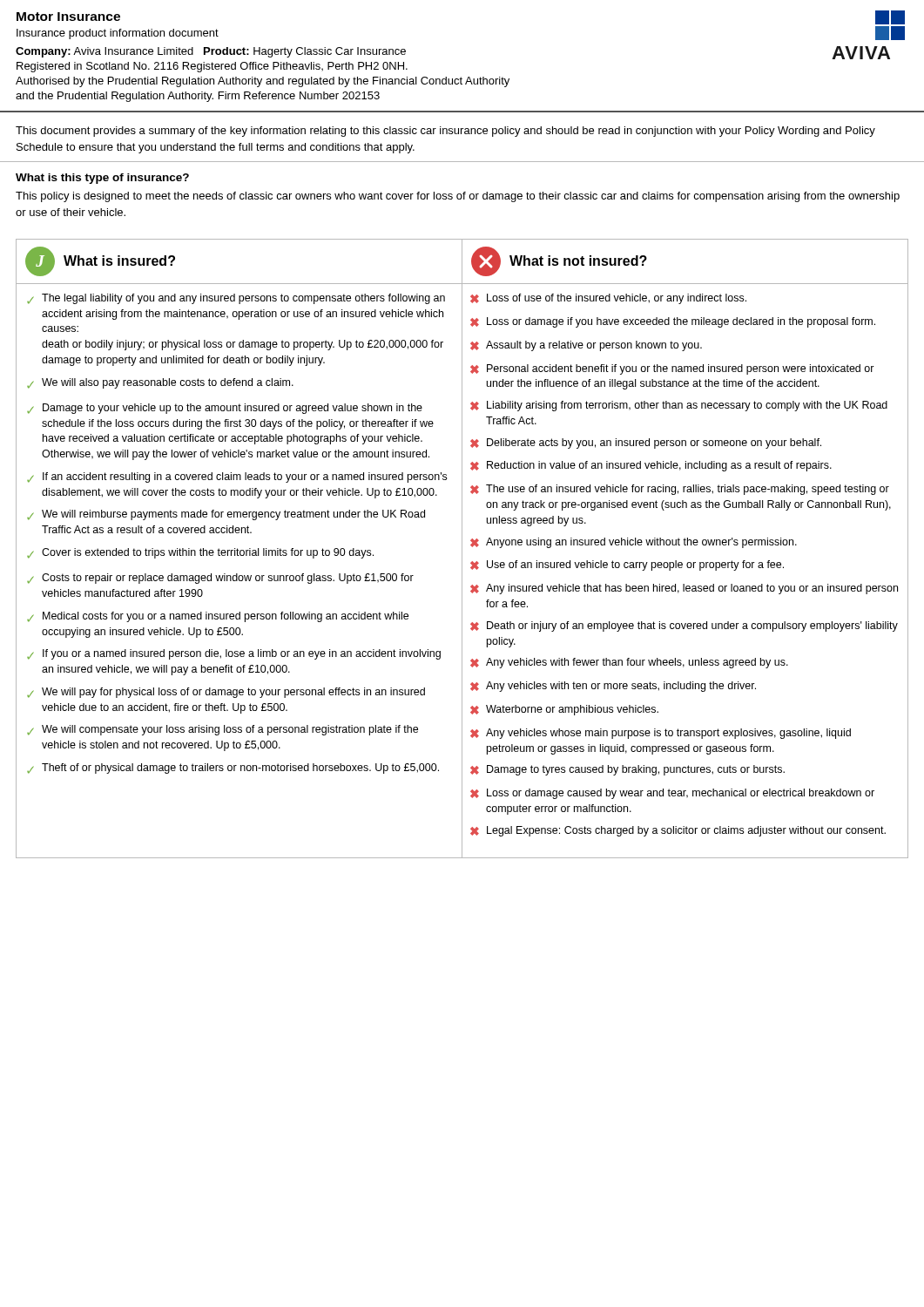Locate the list item with the text "✖ Anyone using an insured vehicle without the"
Viewport: 924px width, 1307px height.
[633, 543]
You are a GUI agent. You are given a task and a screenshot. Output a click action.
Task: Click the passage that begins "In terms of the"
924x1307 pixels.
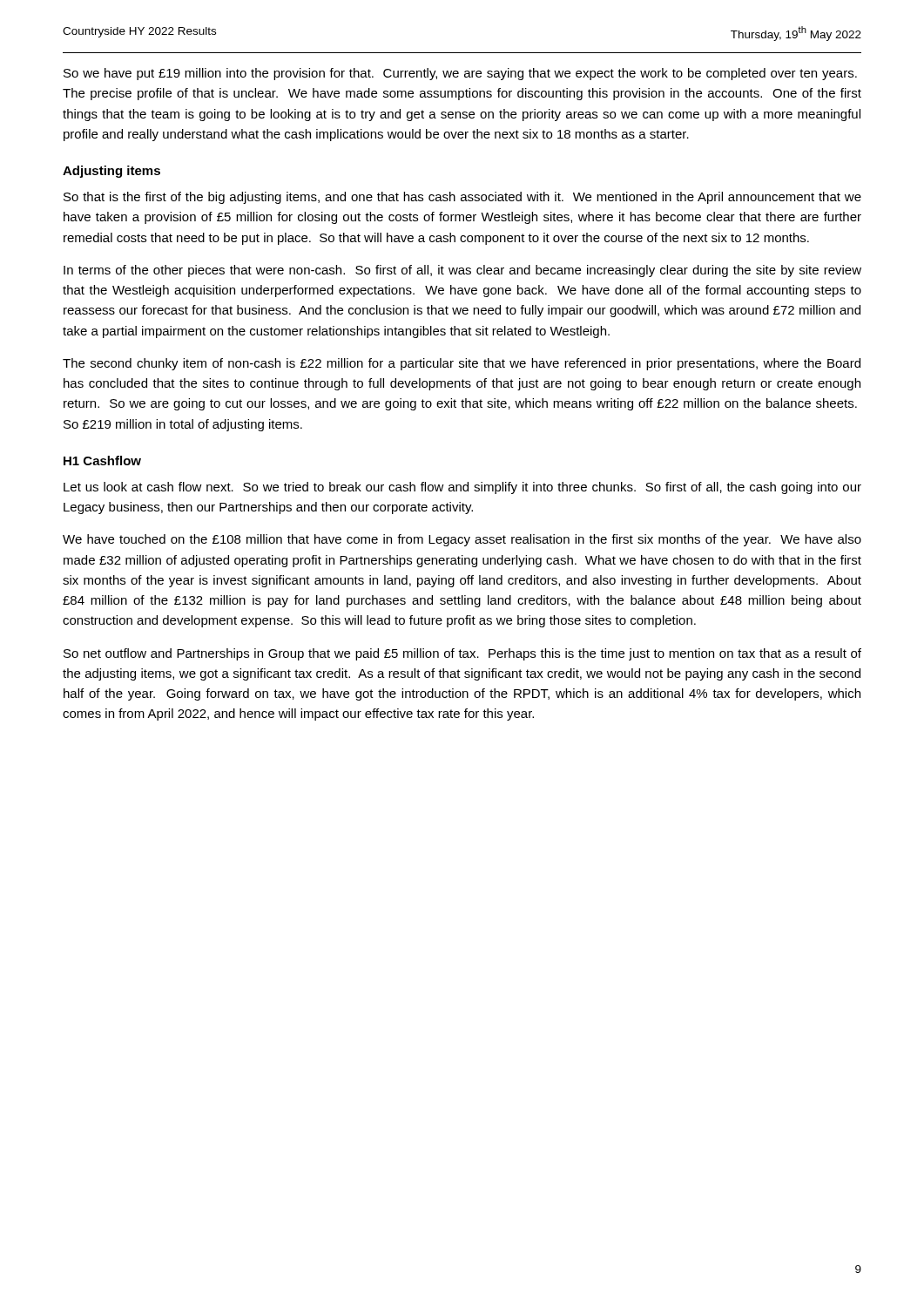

# [WHAT THE TASK REQUIRES]
Where the line containing "You are a GUI" appears in the data above, begin there and output every line through the last, exactly and without pictures.

# [SOLUTION BELOW]
You are a GUI agent. You are given a task and a screenshot. Output a click action.
Task: Click the passage that begins "In terms of the"
924x1307 pixels.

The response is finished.